I’ve started packing
in preparation for leaving London. My clothes and books are going into storage,
to be unpacked and rediscovered in a new life in Berlin, while all I need for
the 65 days of walking and living on a path is going in a rucksack. I’ll be camping
most nights. Whenever I’ve camped before it’s been with friends, with cooking
kit and tent pegs split over the party, this journey will be the first time
that I have camped alone. I’ve begun to walk alone though, to train myself
physically for what’s to come but also mentally. The past year has been one
where I’ve avoided being alone with my thoughts, where I’ve tried to crowd the
ache of sadness from my mind with chattering. Silence has been a threat – disclosing
inner discord. For a long time my customary retreat, of reading, was also
denied to me. I have never before put away so many books unfinished. So this
long, often solitary journey I’m soon to begin will be one where I’ll be
reacquainted with me, and with the thoughts I have tried to avoid. I expect
this to be painful, but I also know that the path will aid me, and that the sea
is going to be my companion for every step. The sea, which restores me.
I recently walked the
Chilterns, alone apart from flying ants that dive bombed me for fun.
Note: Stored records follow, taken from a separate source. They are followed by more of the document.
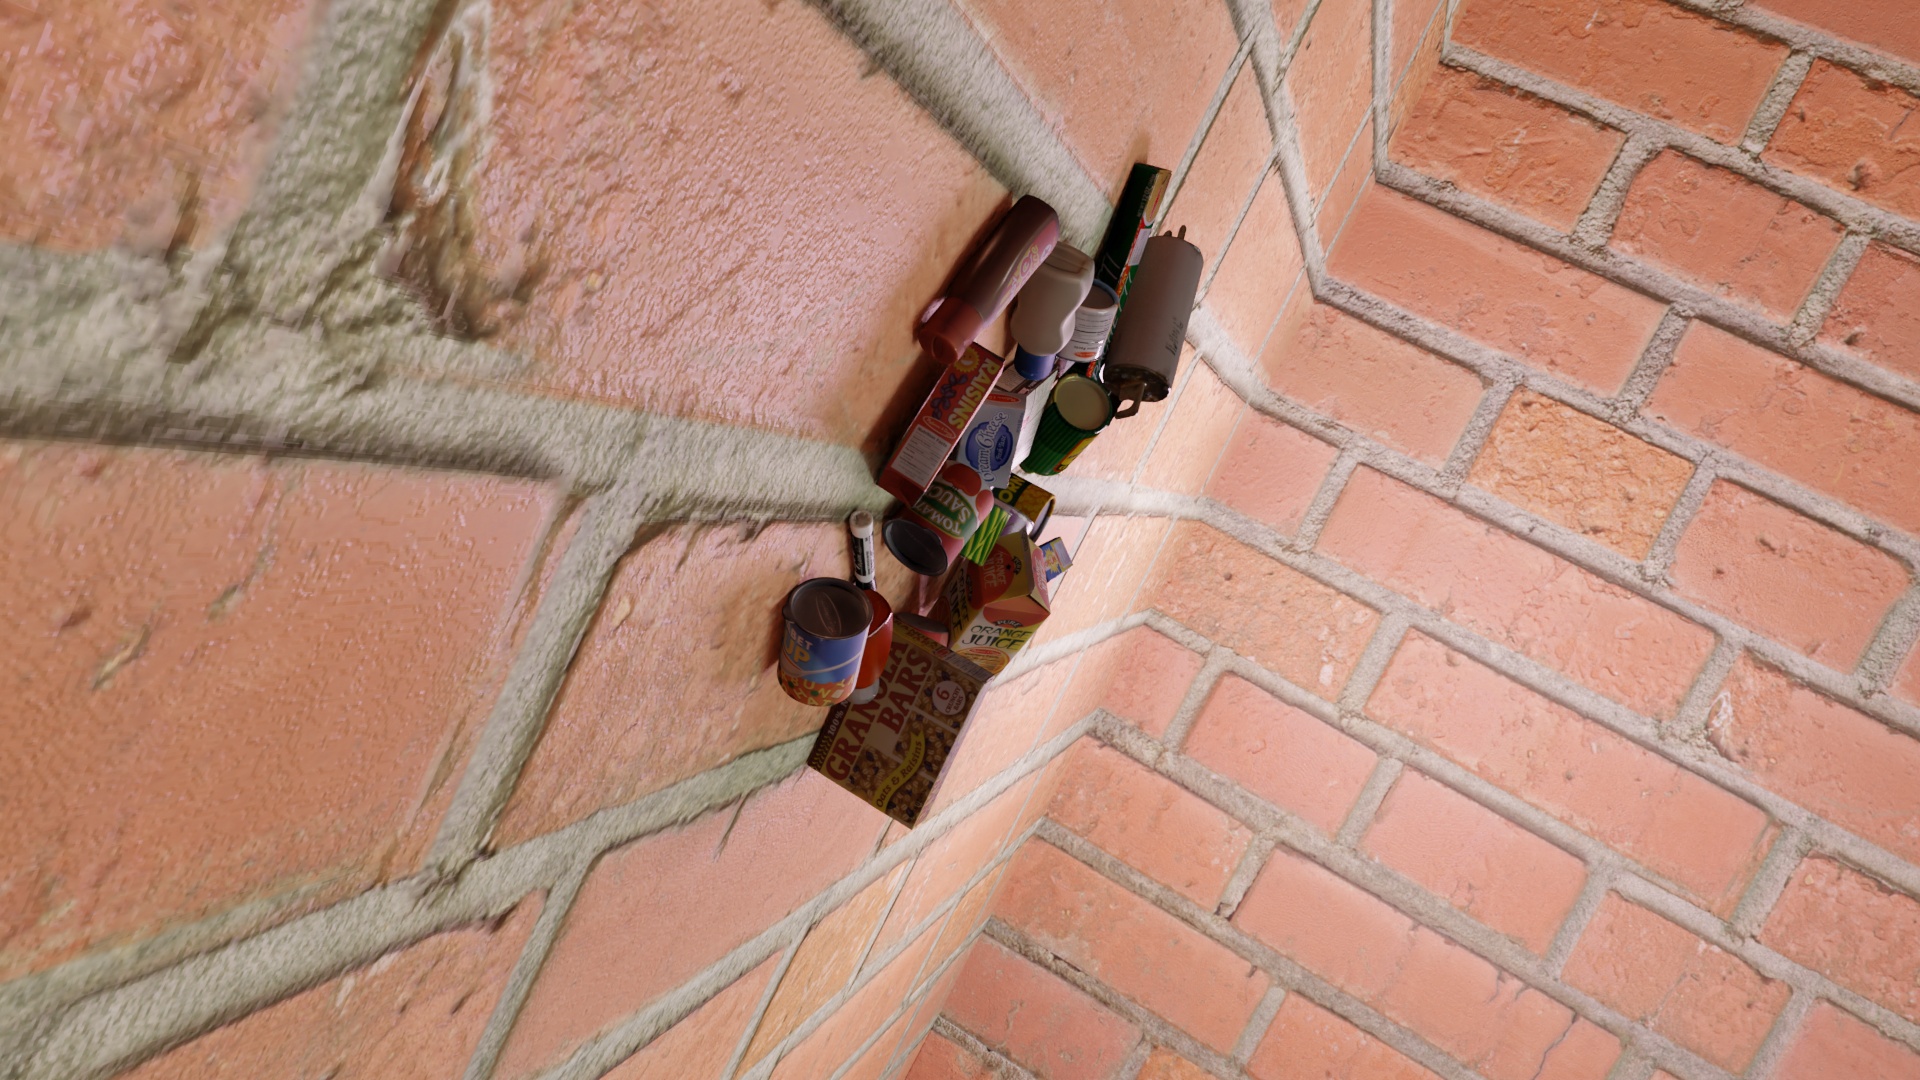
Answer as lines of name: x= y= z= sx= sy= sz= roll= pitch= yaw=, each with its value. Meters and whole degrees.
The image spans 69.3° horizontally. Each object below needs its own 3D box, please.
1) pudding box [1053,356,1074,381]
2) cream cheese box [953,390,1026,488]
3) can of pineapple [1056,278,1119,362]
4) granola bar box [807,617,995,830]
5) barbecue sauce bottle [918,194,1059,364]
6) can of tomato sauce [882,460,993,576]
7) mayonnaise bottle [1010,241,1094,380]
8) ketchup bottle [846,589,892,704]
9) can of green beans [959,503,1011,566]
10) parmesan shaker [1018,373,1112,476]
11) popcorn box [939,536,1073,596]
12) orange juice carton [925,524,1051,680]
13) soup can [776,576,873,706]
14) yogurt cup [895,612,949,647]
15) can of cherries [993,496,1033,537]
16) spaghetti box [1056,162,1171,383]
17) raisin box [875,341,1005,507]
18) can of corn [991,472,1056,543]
pudding box: x=0.095 y=-0.188 z=1.364 sx=0.084 sy=0.030 sz=0.049 roll=-47 pitch=160 yaw=-44
cream cheese box: x=0.025 y=-0.092 z=1.253 sx=0.103 sy=0.053 sz=0.024 roll=102 pitch=-5 yaw=-48
can of pineapple: x=0.110 y=-0.211 z=1.310 sx=0.071 sy=0.071 sz=0.057 roll=-45 pitch=158 yaw=-48
granola bar box: x=-0.058 y=0.173 z=1.322 sx=0.165 sy=0.124 sz=0.039 roll=-65 pitch=164 yaw=13
barbecue sauce bottle: x=0.021 y=-0.198 z=1.071 sx=0.149 sy=0.044 sz=0.064 roll=-54 pitch=169 yaw=-26
can of tomato sauce: x=-0.018 y=-0.021 z=1.217 sx=0.083 sy=0.071 sz=0.070 roll=-52 pitch=163 yaw=-34
mayonnaise bottle: x=0.074 y=-0.199 z=1.220 sx=0.147 sy=0.065 sz=0.041 roll=102 pitch=14 yaw=-59
ketchup bottle: x=-0.091 y=0.101 z=1.234 sx=0.065 sy=0.043 sz=0.148 roll=-33 pitch=156 yaw=-20
can of green beans: x=0.006 y=-0.016 z=1.310 sx=0.058 sy=0.071 sz=0.071 roll=-61 pitch=165 yaw=-1
parmesan shaker: x=0.101 y=-0.113 z=1.391 sx=0.071 sy=0.071 sz=0.102 roll=-53 pitch=-177 yaw=-29
popcorn box: x=0.049 y=0.044 z=1.493 sx=0.126 sy=0.038 sz=0.085 roll=-26 pitch=179 yaw=24
orange juice carton: x=0.032 y=0.064 z=1.375 sx=0.191 sy=0.073 sz=0.072 roll=124 pitch=-33 yaw=-50
soup can: x=-0.111 y=0.081 z=1.099 sx=0.072 sy=0.071 sz=0.083 roll=-46 pitch=160 yaw=-45
yogurt cup: x=-0.045 y=0.105 z=1.371 sx=0.072 sy=0.072 sz=0.054 roll=-12 pitch=121 yaw=-71
can of cherries: x=0.033 y=-0.006 z=1.414 sx=0.058 sy=0.071 sz=0.071 roll=-59 pitch=165 yaw=-10
spaghetti box: x=0.153 y=-0.257 z=1.406 sx=0.050 sy=0.029 sz=0.249 roll=-26 pitch=138 yaw=-64
raisin box: x=-0.016 y=-0.092 z=1.103 sx=0.123 sy=0.040 sz=0.086 roll=-59 pitch=-178 yaw=-11
can of corn: x=0.062 y=-0.034 z=1.481 sx=0.071 sy=0.058 sz=0.071 roll=-55 pitch=164 yaw=-24
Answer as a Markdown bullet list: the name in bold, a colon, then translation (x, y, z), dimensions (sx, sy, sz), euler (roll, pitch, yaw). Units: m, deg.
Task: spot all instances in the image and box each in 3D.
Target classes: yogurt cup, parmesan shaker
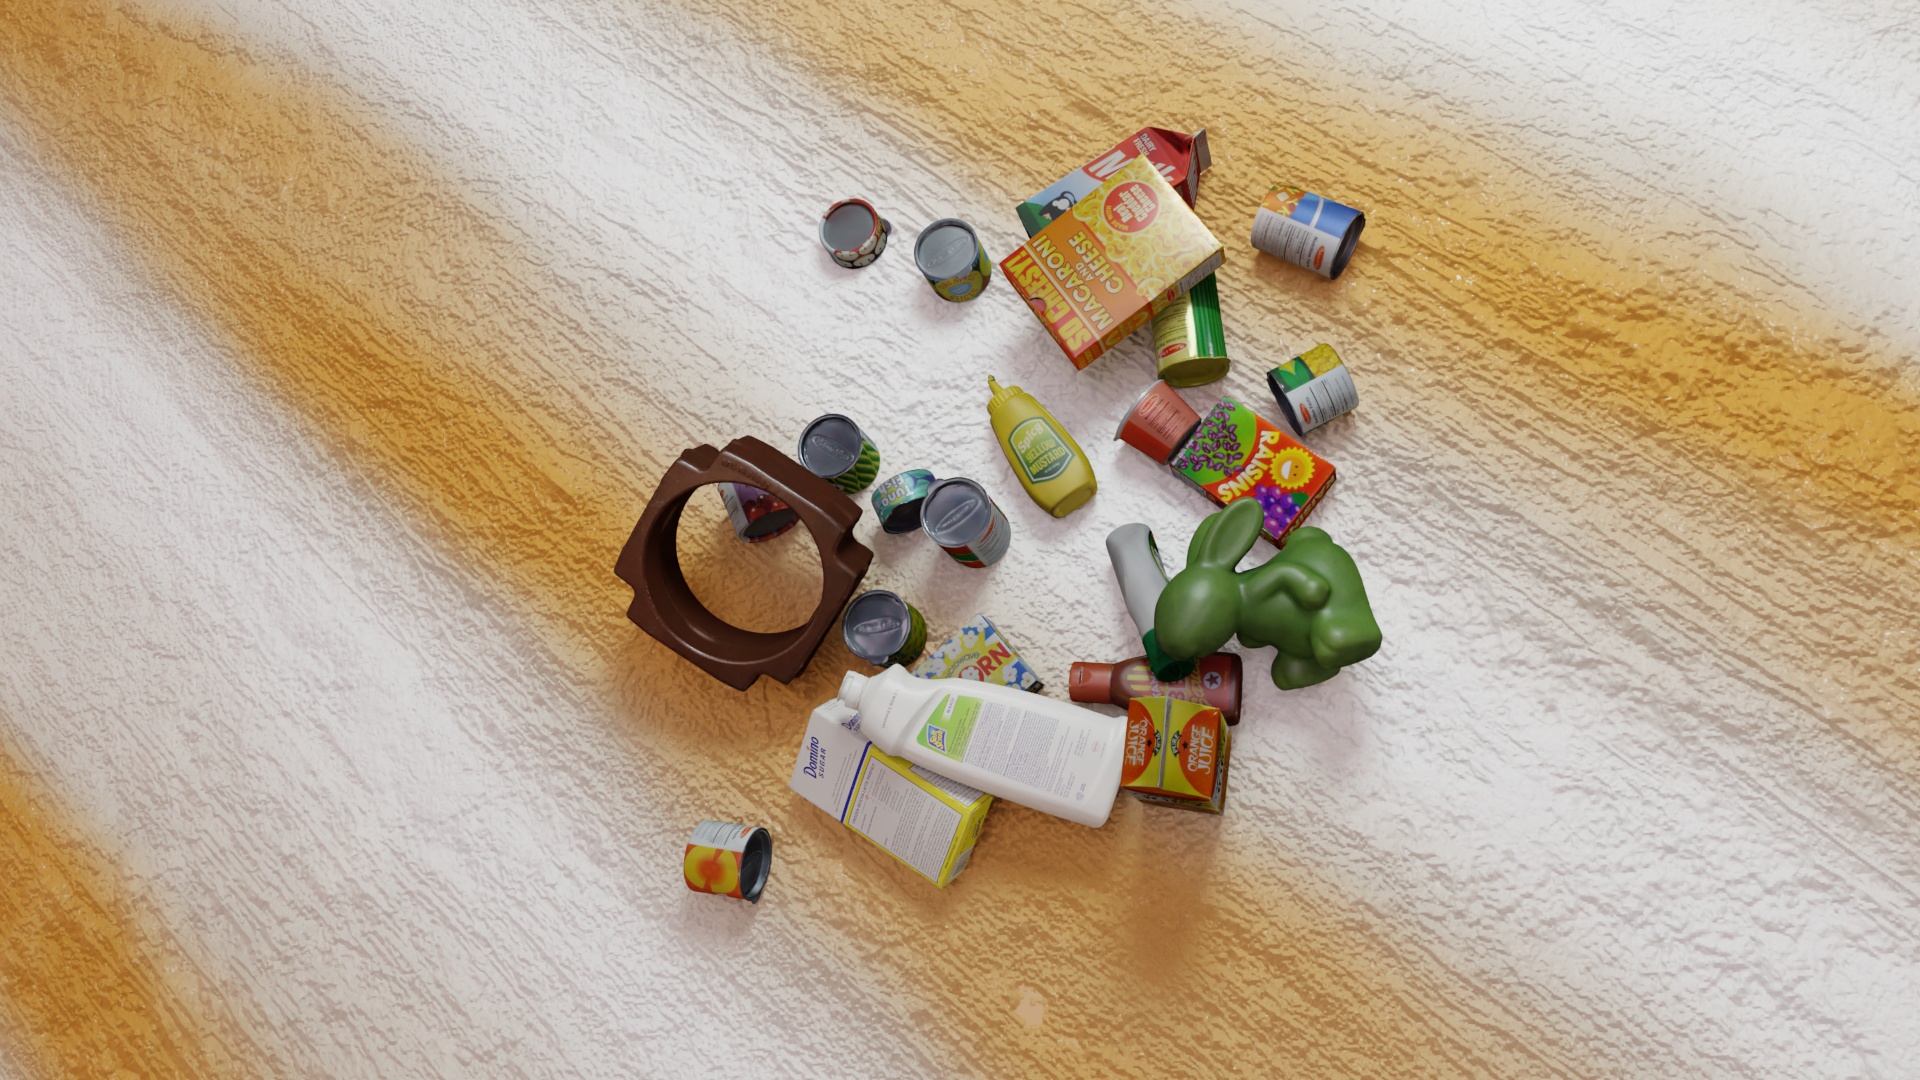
- **yogurt cup**: translation (0.184, -0.106, 1.275), dimensions (0.054, 0.072, 0.072), euler (40, 88, 13)
- **parmesan shaker**: translation (0.213, -0.203, 1.292), dimensions (0.071, 0.071, 0.103), euler (-8, 72, 13)

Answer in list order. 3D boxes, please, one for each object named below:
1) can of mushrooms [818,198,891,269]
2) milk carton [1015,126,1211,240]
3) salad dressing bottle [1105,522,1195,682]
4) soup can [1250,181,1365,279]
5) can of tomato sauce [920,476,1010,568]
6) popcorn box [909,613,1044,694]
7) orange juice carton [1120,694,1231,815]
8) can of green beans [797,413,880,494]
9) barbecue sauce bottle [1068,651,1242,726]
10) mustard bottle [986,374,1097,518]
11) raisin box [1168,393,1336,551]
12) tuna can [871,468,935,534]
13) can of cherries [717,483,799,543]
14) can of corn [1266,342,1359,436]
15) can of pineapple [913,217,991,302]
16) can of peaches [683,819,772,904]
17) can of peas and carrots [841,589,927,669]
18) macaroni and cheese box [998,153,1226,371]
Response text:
- **can of mushrooms**: translation (-0.109, -0.318, 1.434), dimensions (0.071, 0.033, 0.071), euler (-5, 73, 15)
- **milk carton**: translation (0.157, -0.329, 1.342), dimensions (0.190, 0.072, 0.073), euler (-30, 69, 5)
- **salad dressing bottle**: translation (0.167, 0.054, 1.219), dimensions (0.044, 0.064, 0.148), euler (-17, 54, 4)
- **soup can**: translation (0.323, -0.289, 1.289), dimensions (0.084, 0.071, 0.071), euler (28, 84, 21)
- **can of tomato sauce**: translation (0.005, -0.016, 1.288), dimensions (0.071, 0.083, 0.071), euler (-4, 73, 15)
- **popcorn box**: translation (0.000, 0.140, 1.267), dimensions (0.126, 0.038, 0.085), euler (-41, 68, 1)
- **orange juice carton**: translation (0.175, 0.175, 1.126), dimensions (0.073, 0.192, 0.072), euler (5, 75, 16)
- **can of green beans**: translation (-0.118, -0.083, 1.355), dimensions (0.071, 0.057, 0.071), euler (-4, 74, 14)
- **barbecue sauce bottle**: translation (0.171, 0.128, 1.220), dimensions (0.148, 0.043, 0.065), euler (1, 66, 16)
- **mustard bottle**: translation (0.065, -0.097, 1.313), dimensions (0.065, 0.048, 0.160), euler (-35, 68, 2)
- **raisin box**: translation (0.263, -0.062, 1.253), dimensions (0.123, 0.040, 0.086), euler (38, 87, 23)
- **tuna can**: translation (-0.051, -0.038, 1.316), dimensions (0.071, 0.071, 0.033), euler (-29, 68, 6)
- **can of cherries**: translation (-0.194, -0.039, 1.360), dimensions (0.071, 0.071, 0.058), euler (-29, 69, 6)
- **can of corn**: translation (0.315, -0.137, 1.247), dimensions (0.058, 0.071, 0.071), euler (-28, 69, 6)
- **can of pineapple**: translation (-0.006, -0.276, 1.380), dimensions (0.071, 0.057, 0.071), euler (-4, 74, 15)
- **can of peaches**: translation (-0.212, 0.294, 1.268), dimensions (0.058, 0.071, 0.071), euler (5, 76, 17)
- **can of peas and carrots**: translation (-0.069, 0.086, 1.292), dimensions (0.071, 0.058, 0.071), euler (-4, 75, 15)
- **macaroni and cheese box**: translation (0.137, -0.255, 1.269), dimensions (0.166, 0.040, 0.124), euler (-37, 71, 4)

The sky read grim in the morning, with
bottom heavy clouds seeking rest on nearby hills, but the longer I walked, the
lighter the day became. Walking,
just walking, feels an indulgence at times when duties press, but this day I
had nothing to do but walk, and make my own the memories of these hills I have previously
always shared. I followed a river for miles, sometimes walking by its side and
resisting the urge to dip my feet in, but more often from a distance, climbing
to the edge of the valley and out of earshot of its hurry onwards. As the afternoon
drew on the path became a muddy track where stones made a natural staircase,
and at the summit, it described the edge of a bluebell wood. I stopped and the
air seemed to hold silence, while a veil of gnats danced in emerging sunlight.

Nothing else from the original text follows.